Radiosynthesis of 99mTc-DTPA-GLP conjugate (99mTc-DTPA-GLP)

Radiosynthesis of 99mTc-DTPA-GLP was achieved through dissolving DTPA-GLP (0.1 mg) in water (0.2 mL), followed by adding tin (II) chloride (0.1 mg, 0.1 mL). Sodium pertechnetate (NaTcO4) (37 MBq) was then added. The final concentration was 370 MBq/μmol. Radiochemical purity was assessed by using a radio-TLC scanner (Bio-scan, Inc., Washington, DC) using saline or acetone as an eluant. The chromatographic paper used was Whatman #1 (Fischer Scientific, Houston, TX).

Biodistribution studies

The animals were housed in The University of Texas M.D. Anderson Cancer Center facility. All protocols involving animals were approved by the University of Texas M.D. Anderson Institutional Animal Use and Care Committee (IACUC). Fischer 344 rats (150 ± 30 g) (Harlan Sprague–Dawley, Indianapolis, IN, USA) (n = 18) were injected intravenously with 740 ± 19 KBq of 99mTc-DTPA-GLP or 99mTc-DTPA. The injected mass of 99mTc-DTPA-GLP was 0.1 mg/rat. Separate biodistribution studies using 99mTc-DTPA-GLP (Study 1, nine rats) and 99mTc-DTPA (Study 2, nine rats) were conducted. For each compound, the rats were divided into three groups for three time intervals (30, 60 and 180 min, n = 3/time point). At 30, 60 and 180 min following administration of the radiotracers, the rats were killed by cervical dislocation. Samples of the blood and selected tissues were obtained, weighed, and subjected to counting along with a standard of the injected dose in a gamma counter (Packard Cobra Auto-Gamma Counter, Packard Instruments, Downers Grove, IL, USA). The bio-distribution of tracer in each sample was calculated as a percentage of the injected dose per gram of tissue wet weight (%ID/g). Pancreas to non-target tissue count density ratios were calculated from the corresponding %ID/g values.

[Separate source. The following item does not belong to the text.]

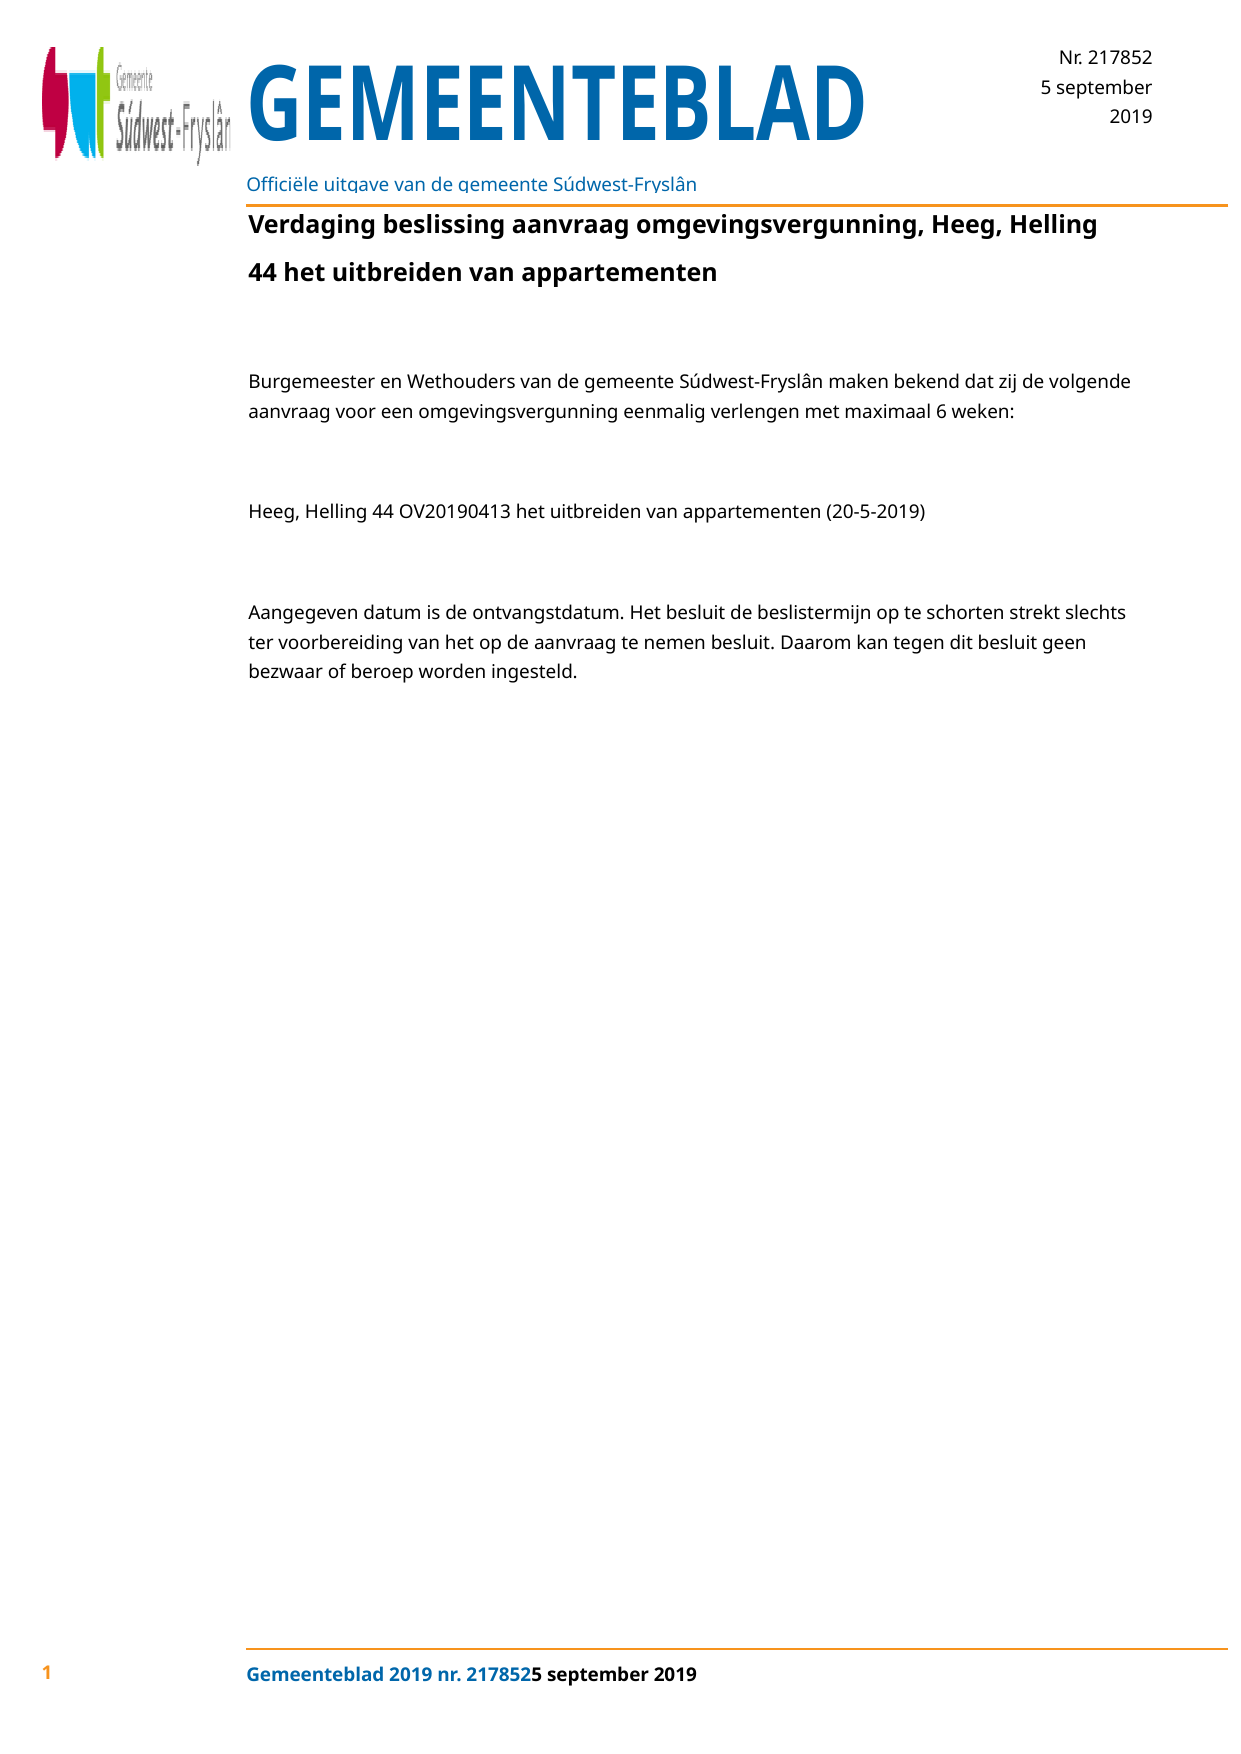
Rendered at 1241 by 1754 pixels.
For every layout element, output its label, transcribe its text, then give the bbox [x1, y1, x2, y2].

Planar scintigraphic imaging studies

Scintigraphic images were obtained using an M-camera from Siemens Medical Systems (Hoffman Estates, IL, USA). The camera was equipped with a low-energy parallel-hole collimator. The field of view was 53.3 × 38.7 cm. The intrinsic spatial resolution was 3.2 mm. The matrix is 64 × 64 and the pixel size was 19.18 mm (32 × 32, zoom = 1) to 0.187 mm (1,024 × 1,024, zoom = 3.2). With a low-energy, high-resolution collimator, the system has a resultant sensitivity of 172 counts/min (cpm)/μCi and spatial resolution of 4 mm. Scintigraphic images were obtained at 45 min after intravenous injection of 300 μCi (11.1 MBq/rat) of 99mTc-DTPA-GLP and 99mTc-DTPA as control in normal healthy female Fischer 344 rats (150–175 g) (Harlan Sprague–Dawley, Inc., Indianapolis, IN, USA) via the tail vein, respectively. Scintigraphic images were acquired 1 × 106 counts. To ascertain whether the pancreas beta cell uptake with 99mTc-DTPA-GLP was related to sulfonylurea receptors, we performed a blocking study. A group of rats were pretreated with streptozotocin (a beta cell toxin, 55 mg/kg, i.v.) and the images were acquired at 5, 25, and 45 min after intravenous injection of 11.1 MBq/rat of 99mTc-DTPA-GLP on day 5 post-treatment.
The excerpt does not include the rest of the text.